#### What is needed
What's needed is an exact copy of all the data below, without pictures.

#### Exercise data
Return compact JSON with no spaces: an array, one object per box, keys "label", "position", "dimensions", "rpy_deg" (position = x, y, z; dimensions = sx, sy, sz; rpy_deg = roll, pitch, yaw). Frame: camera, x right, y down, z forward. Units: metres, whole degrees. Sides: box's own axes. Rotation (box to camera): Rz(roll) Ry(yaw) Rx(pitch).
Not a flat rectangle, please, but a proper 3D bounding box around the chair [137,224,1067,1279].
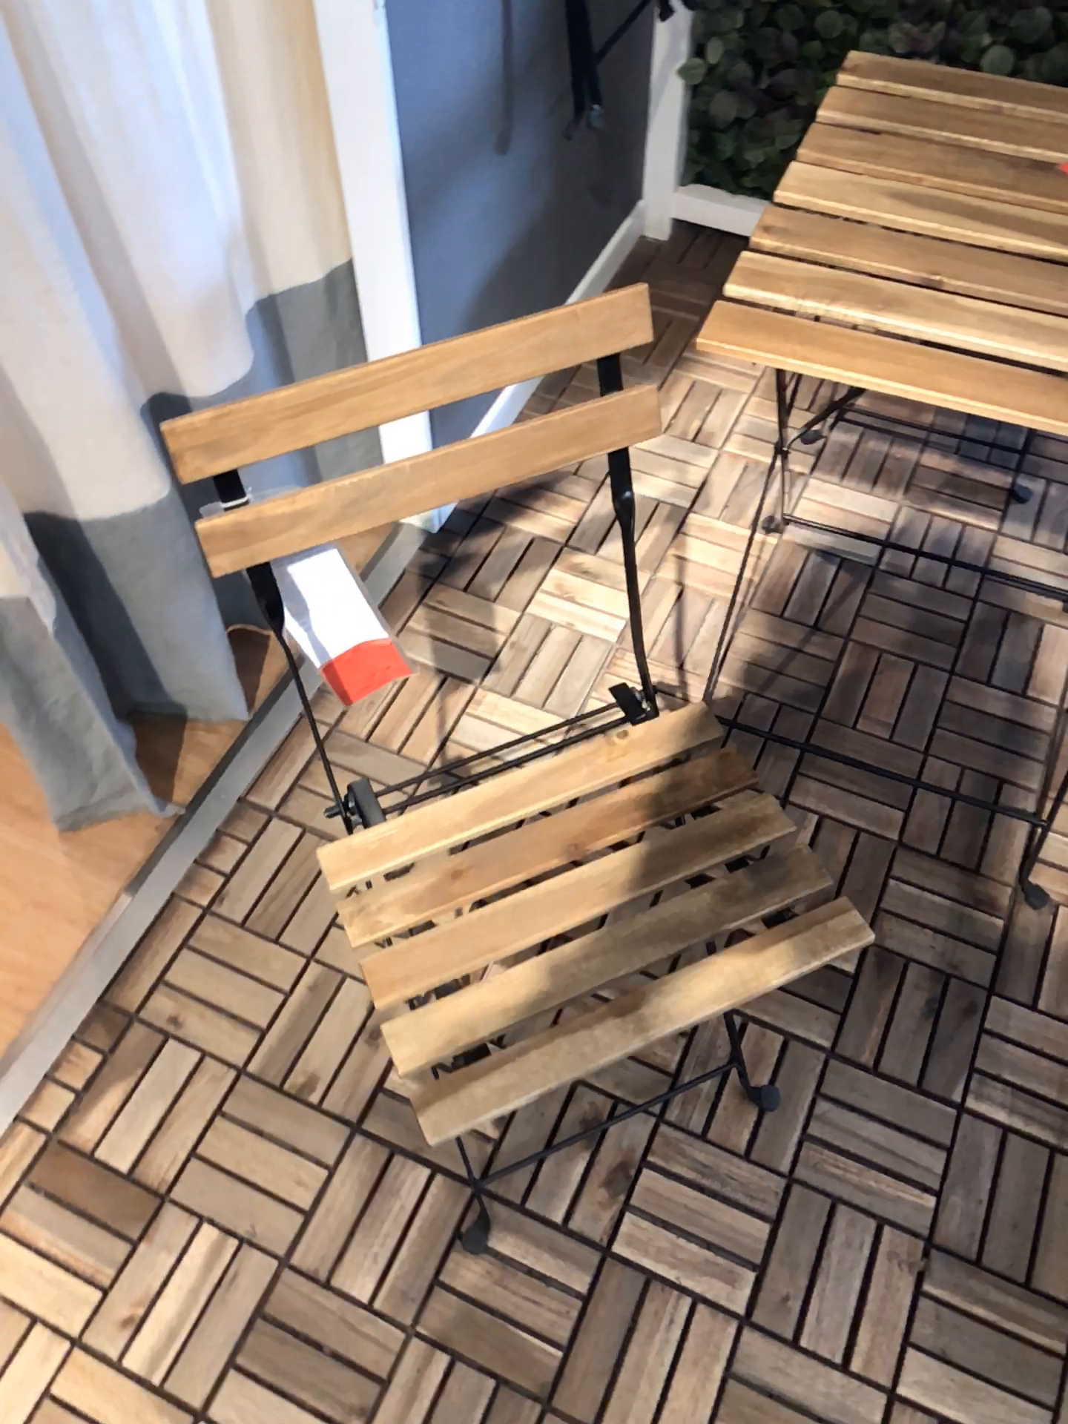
[{"label":"chair","position":[0.035,0.091,0.974],"dimensions":[0.430,0.726,0.432],"rpy_deg":[-20,57,-13]}]

#### Exercise output
Return compact JSON with no spaces: an array, one object per box, keys "label", "position", "dimensions", "rpy_deg" (position = x, y, z; dimensions = sx, sy, sz; rpy_deg = roll, pitch, yaw). Frame: camera, x right, y down, z forward. Units: metres, whole degrees. Sides: box's own axes. Rotation (box to camera): Rz(roll) Ry(yaw) Rx(pitch).
Not a flat rectangle, please, but a proper 3D bounding box around the chair [137,224,1067,1279].
[{"label":"chair","position":[0.035,0.091,0.974],"dimensions":[0.430,0.726,0.432],"rpy_deg":[-20,57,-13]}]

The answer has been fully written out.